» **WHAT IS REQUIRED**
Where the line with "Can you find" appears below, start writing out lines exactly, and finish with the line with "Use one line", which is included; write out nothing else.

» **SOURCE DATA**
******
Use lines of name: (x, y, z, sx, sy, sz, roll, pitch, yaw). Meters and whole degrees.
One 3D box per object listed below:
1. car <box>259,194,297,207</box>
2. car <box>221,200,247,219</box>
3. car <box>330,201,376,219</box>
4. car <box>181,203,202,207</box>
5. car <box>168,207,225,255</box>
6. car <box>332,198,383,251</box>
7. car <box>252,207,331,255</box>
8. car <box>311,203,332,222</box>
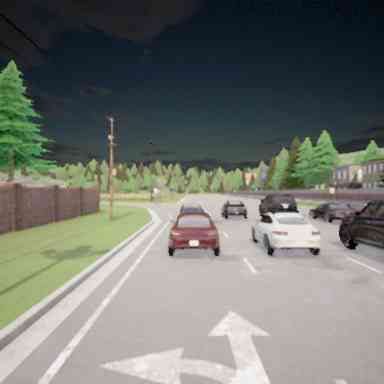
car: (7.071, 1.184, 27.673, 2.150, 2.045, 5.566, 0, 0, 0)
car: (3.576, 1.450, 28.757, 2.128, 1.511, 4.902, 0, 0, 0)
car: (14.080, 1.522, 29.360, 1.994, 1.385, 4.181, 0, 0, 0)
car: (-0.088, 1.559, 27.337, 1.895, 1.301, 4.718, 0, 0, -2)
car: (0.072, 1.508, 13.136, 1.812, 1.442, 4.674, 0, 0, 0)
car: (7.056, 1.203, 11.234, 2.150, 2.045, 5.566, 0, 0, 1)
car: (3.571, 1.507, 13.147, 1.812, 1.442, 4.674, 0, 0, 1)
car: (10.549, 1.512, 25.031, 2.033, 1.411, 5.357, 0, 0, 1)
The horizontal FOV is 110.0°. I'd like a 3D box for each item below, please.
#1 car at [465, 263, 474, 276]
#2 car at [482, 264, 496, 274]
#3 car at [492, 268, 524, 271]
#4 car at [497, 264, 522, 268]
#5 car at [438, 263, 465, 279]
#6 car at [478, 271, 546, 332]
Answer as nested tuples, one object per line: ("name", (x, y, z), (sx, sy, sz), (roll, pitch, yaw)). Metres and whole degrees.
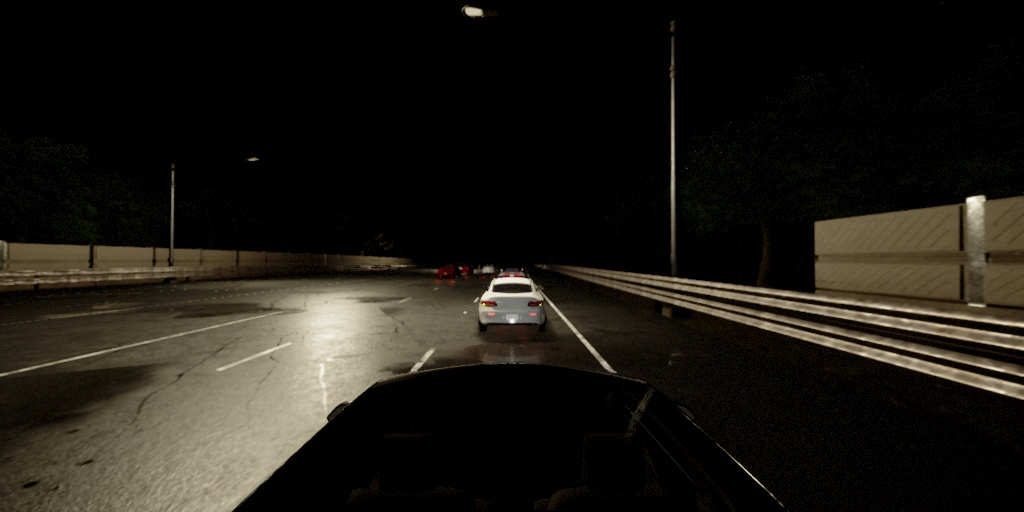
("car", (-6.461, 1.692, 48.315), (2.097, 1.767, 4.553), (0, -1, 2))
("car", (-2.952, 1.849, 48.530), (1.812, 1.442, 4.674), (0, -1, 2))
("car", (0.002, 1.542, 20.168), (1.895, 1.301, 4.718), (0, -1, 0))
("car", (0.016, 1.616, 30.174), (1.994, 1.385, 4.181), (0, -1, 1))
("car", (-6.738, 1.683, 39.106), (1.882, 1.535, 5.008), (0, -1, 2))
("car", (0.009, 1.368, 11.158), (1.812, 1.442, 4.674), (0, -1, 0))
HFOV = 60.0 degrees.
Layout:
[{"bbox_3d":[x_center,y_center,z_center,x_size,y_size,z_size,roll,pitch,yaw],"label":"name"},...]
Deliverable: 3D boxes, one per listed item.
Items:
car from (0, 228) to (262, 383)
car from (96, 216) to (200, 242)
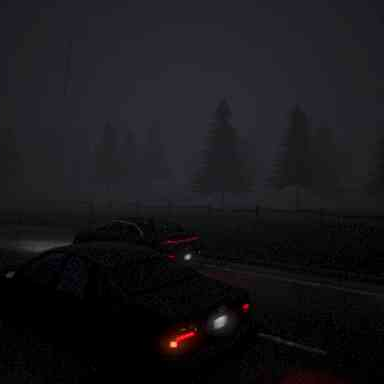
******
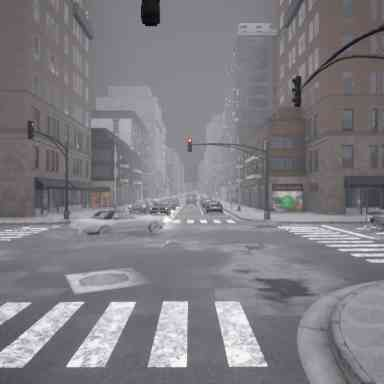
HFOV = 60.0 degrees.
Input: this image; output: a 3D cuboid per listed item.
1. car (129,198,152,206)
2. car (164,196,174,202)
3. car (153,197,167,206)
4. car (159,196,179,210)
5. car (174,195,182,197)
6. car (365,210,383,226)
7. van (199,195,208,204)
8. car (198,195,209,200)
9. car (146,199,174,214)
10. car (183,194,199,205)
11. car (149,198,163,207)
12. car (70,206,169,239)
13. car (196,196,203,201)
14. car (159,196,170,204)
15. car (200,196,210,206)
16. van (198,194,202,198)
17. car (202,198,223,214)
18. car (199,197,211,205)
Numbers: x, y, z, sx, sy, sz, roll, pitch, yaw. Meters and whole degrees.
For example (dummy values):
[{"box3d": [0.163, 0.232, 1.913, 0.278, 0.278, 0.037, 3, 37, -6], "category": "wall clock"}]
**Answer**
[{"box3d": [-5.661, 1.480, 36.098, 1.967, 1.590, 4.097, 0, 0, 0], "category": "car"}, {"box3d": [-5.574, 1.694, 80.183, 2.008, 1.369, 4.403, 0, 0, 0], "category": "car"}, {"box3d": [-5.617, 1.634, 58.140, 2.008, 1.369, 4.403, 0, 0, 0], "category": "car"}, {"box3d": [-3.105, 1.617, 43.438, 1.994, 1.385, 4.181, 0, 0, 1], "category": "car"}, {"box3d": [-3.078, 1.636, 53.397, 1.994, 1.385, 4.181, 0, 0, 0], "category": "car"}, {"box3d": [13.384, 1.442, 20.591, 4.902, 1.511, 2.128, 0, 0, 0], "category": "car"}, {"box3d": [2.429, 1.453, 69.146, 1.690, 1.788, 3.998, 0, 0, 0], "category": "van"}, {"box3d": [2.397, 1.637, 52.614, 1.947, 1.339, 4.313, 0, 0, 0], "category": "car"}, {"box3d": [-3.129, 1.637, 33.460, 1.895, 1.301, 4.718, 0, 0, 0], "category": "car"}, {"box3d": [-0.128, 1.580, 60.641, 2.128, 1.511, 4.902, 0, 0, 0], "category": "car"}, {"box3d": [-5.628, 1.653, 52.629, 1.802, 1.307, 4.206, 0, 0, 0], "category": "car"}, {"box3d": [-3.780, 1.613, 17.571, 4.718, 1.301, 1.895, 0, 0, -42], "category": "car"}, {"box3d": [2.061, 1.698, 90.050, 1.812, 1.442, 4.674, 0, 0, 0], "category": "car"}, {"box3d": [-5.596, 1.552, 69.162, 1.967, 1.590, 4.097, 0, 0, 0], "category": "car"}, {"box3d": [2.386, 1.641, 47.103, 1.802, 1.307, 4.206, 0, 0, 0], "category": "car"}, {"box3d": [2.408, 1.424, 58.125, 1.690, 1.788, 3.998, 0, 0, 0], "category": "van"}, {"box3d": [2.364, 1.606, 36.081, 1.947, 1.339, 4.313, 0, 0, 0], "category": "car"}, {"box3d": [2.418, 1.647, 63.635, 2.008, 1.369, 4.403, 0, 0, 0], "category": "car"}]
******
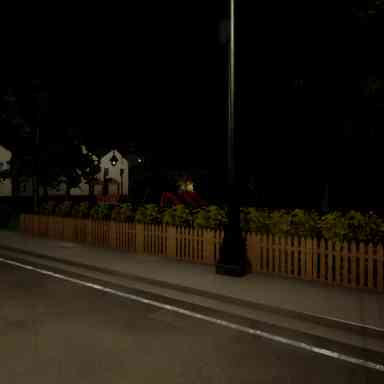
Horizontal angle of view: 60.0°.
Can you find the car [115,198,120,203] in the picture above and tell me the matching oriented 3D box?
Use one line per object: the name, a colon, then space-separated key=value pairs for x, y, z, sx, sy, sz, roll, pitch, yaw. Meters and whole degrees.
******
» **THE ANSWER**
Can you find the car [115,198,120,203] in the picture above and tell me the matching oriented 3D box?
Use one line per object: the name, a colon, then space-separated key=value pairs for x, y, z, sx, sy, sz, roll, pitch, yaw. Meters and whole degrees.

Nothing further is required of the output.